Aside from the ones listed above, newer types of databases such as InfluxDB and the TICK stack provide amazing new ways to store time-series data, which are great for IoT data.

Modern Cloud Management Strategies

In today’s times, data management needs to be broken up into many different dimensions. We should carefully consider the use of proven SQL databases in an agnostic way before jumping into selecting shiny new NoSQL databases. It is vital to understand the short- and long-term business strategy of data management and weigh competing priorities before selecting specific technologies. Whenever I want to evaluate a data management strategy, I use the following checklist to come to a decision:

• What are the security and compliance considerations of data?

• What is the short and long-term scalability of data?

• What are the types of data and its uses?

• What would be the frequency of schema changes?

• What should be the latency of data retrieval?

• What is the velocity of data?

• What is the variety of data?

• What are the requirements of data availability?

• What are the search requirements of data stored?

• How is data processed into information and insights?

• How is data analyzed and reported?

• Is data stored in a multi-tenant environment?

• What is the optimal cost of data management?

• What are the tiers of data management?

• What are the data management lifecycle requirements (backup/recovery)?

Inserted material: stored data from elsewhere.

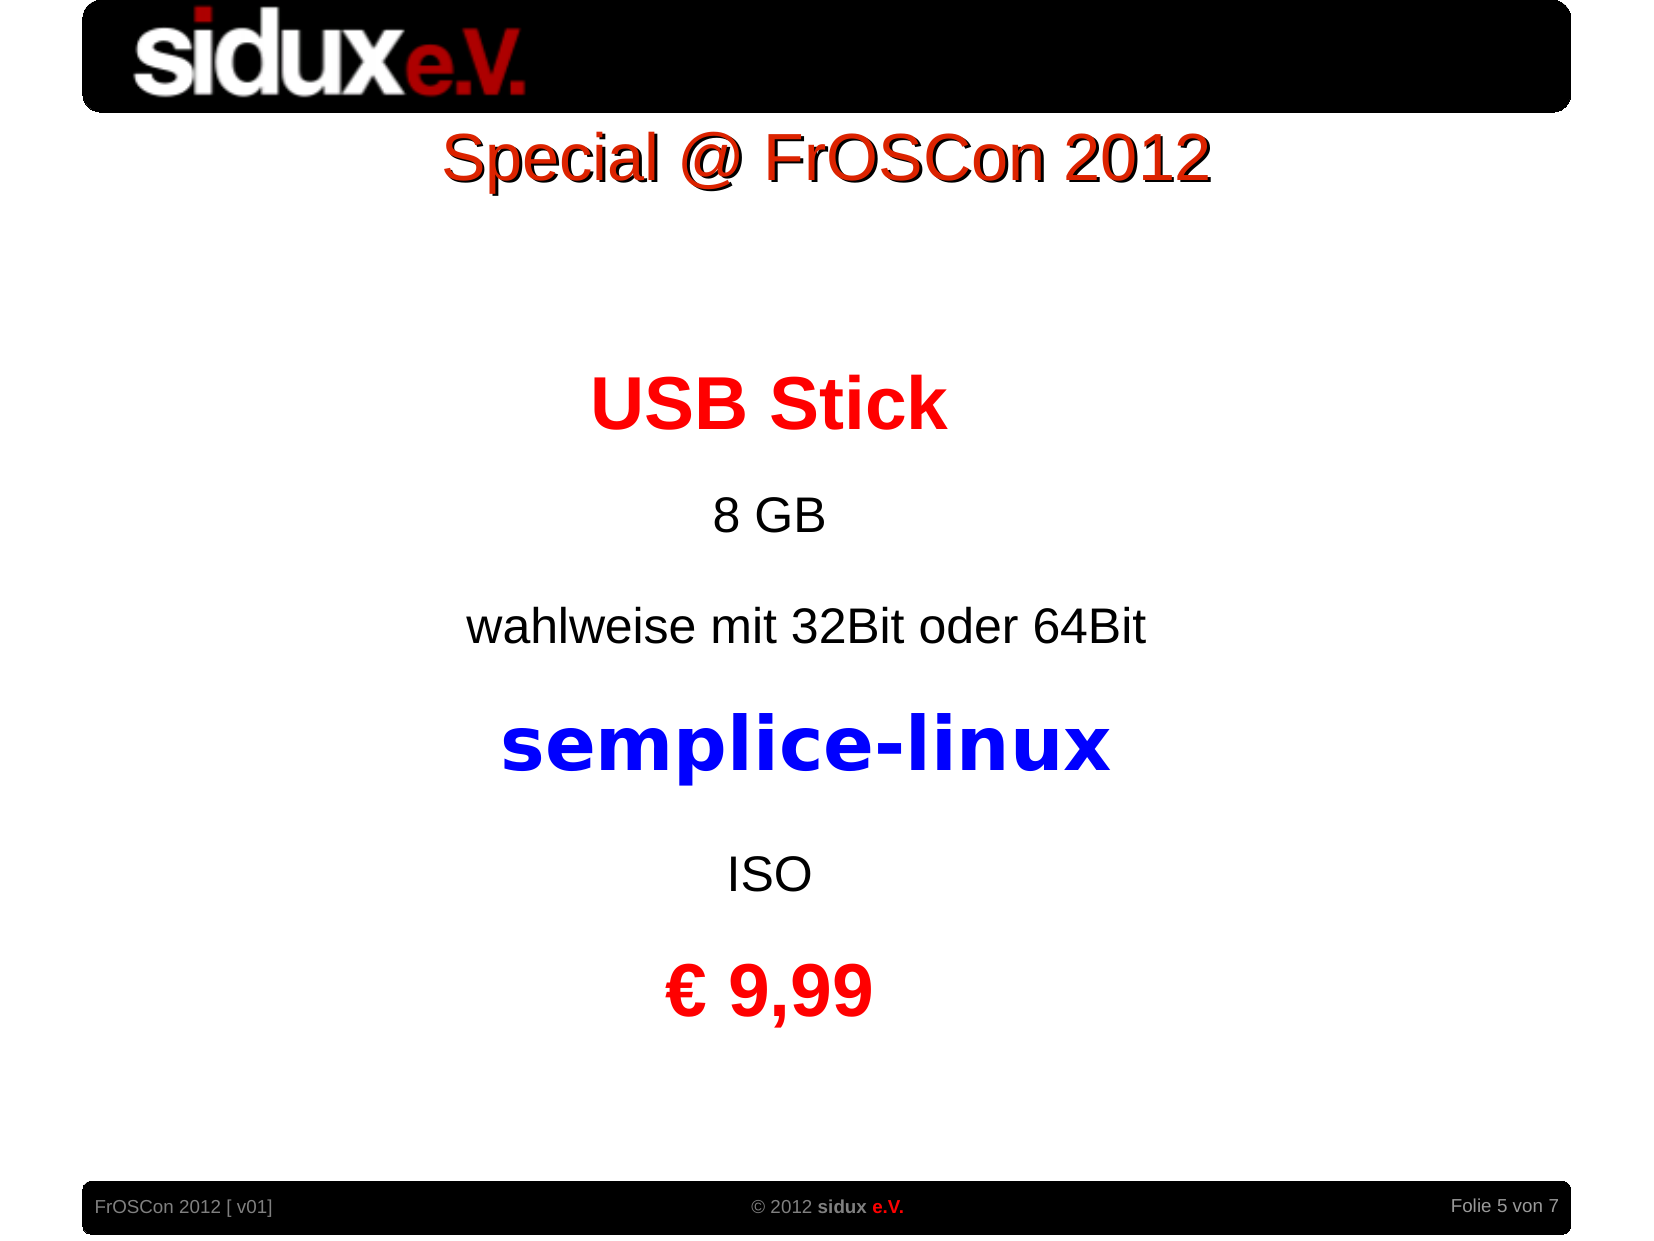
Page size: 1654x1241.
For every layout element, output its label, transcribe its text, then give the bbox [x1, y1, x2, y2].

text_box USB Stick 8 GB wahlweise mit 32Bit oder 64Bit semplice-linux ISO € 9,99 [82, 224, 1571, 1170]
picture [113, 0, 532, 110]
text_box Special @ FrOSCon 2012 [82, 112, 1571, 213]
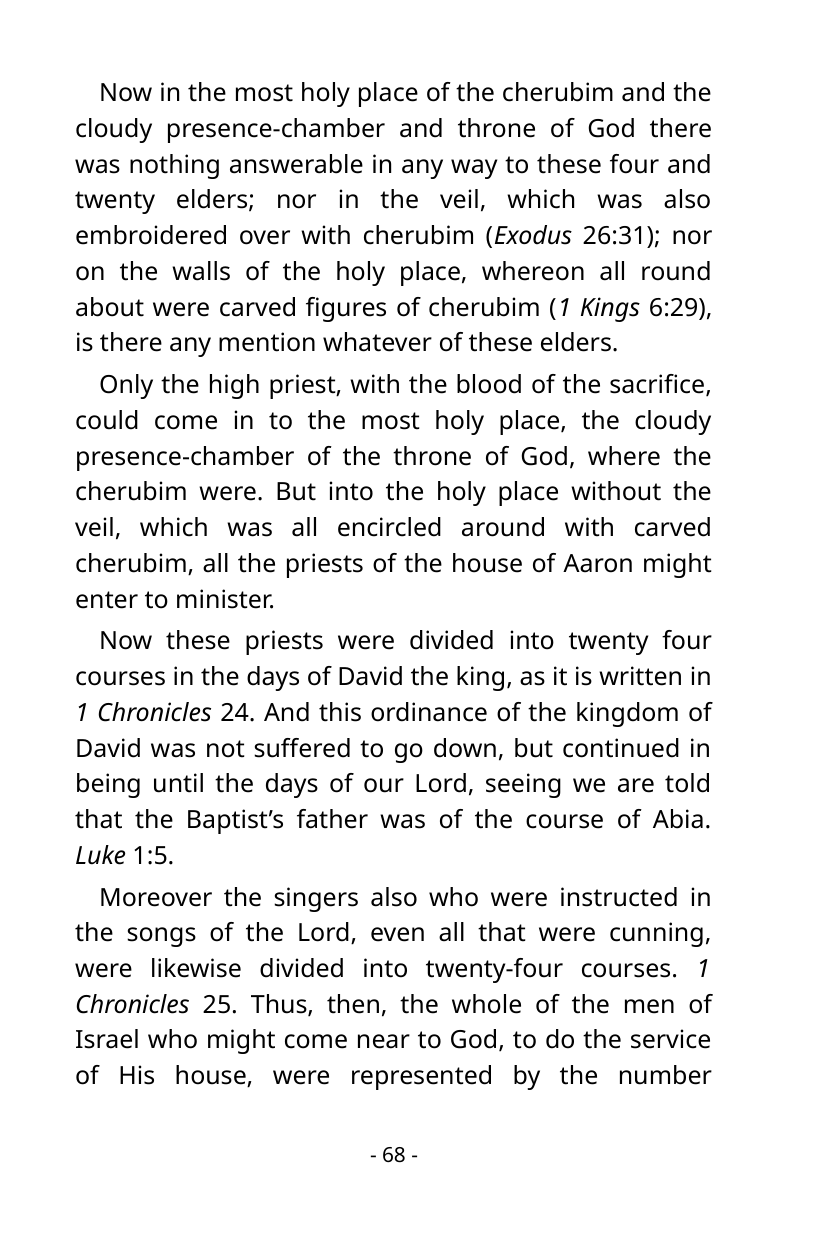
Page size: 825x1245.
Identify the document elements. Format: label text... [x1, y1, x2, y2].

Technologists are comfortable with the use of more than one database in their cloud applications. This trend has accelerated with the use of microservices and containerization. Furthermore, most cloud applications are recognizing the need for separating tiers of data management. Such tiers include a UI caching tier, CDN tier, graph analysis tier, business tier, business analytics tier, security tier, reporting tier, IoT device tier and much more. Each tier can have its own data management strategy -- as long as data is protected, access is through REST APIs, etc.

Database As A Service (DBaaS)

These are exciting times in which a mature set of DBaaS options are emerging for SQL and NoSQL databases. For example, Amazon AWS Aurora provides MySQL and PostgreSQL database on the tap, and Instaclustr offers Cassandra as a service hosted on AWS.

Analytics As A Service (AaaS)

All of the big three cloud providers offer analytics as a service. The biggest hurdle to cloud analytics platform adoption is the fear of data security. AWS and Azure provide a robust set of data analytics services to mitigate this fear. Azure Analysis Services is SQL focused and provides Power BI for powerful visualization.

Graph DB Uses

The GraphDB revolution is enabling faster solutions that benefit from graph query, while helping accelerate the search of relationships based on adjacency principals such as in cybersecurity, recommendation engines, IT operations, networking, etc. For example, in a client’s IoT cybersecurity product, we used Apache Spark and Cassandra DB for the analytics tier, but the resultant data was organized in Neo4j Graph DB to allow further analysis of cybersecurity threats, followed by a MongoDB-based cybersecurity orchestration. This is a good example of tier-wise separation of data management, where best-of-breed databases were used for solving a very complex problem for a cybersecurity product.

IoT Database

With the advent of IoT-enabled applications, the sheer volume of data collected and processed from the device tier needs to handled in a specialized way. We have successfully used a relatively new and exciting open source database called InfluxDB that handles time-series data in a most efficient way. So appropriate applications can use InfluxDB and the associated TICK stack for data management: 

TICK Stack

ZYMR, INC.

Final Thoughts

Unlike his peers at the time, Spinoza was strongly opposed to traditional theological views. One of his famous quotes is, “Be not astonished at new ideas; for it is well known to you that a thing does not therefore cease to be true because it is not accepted by many.” Similarly, we are free to choose from multiple databases, select various tiers, break monoliths into microservices, and innovate by leveraging a variety of cloud data management tools and techniques in building modern cloud applications.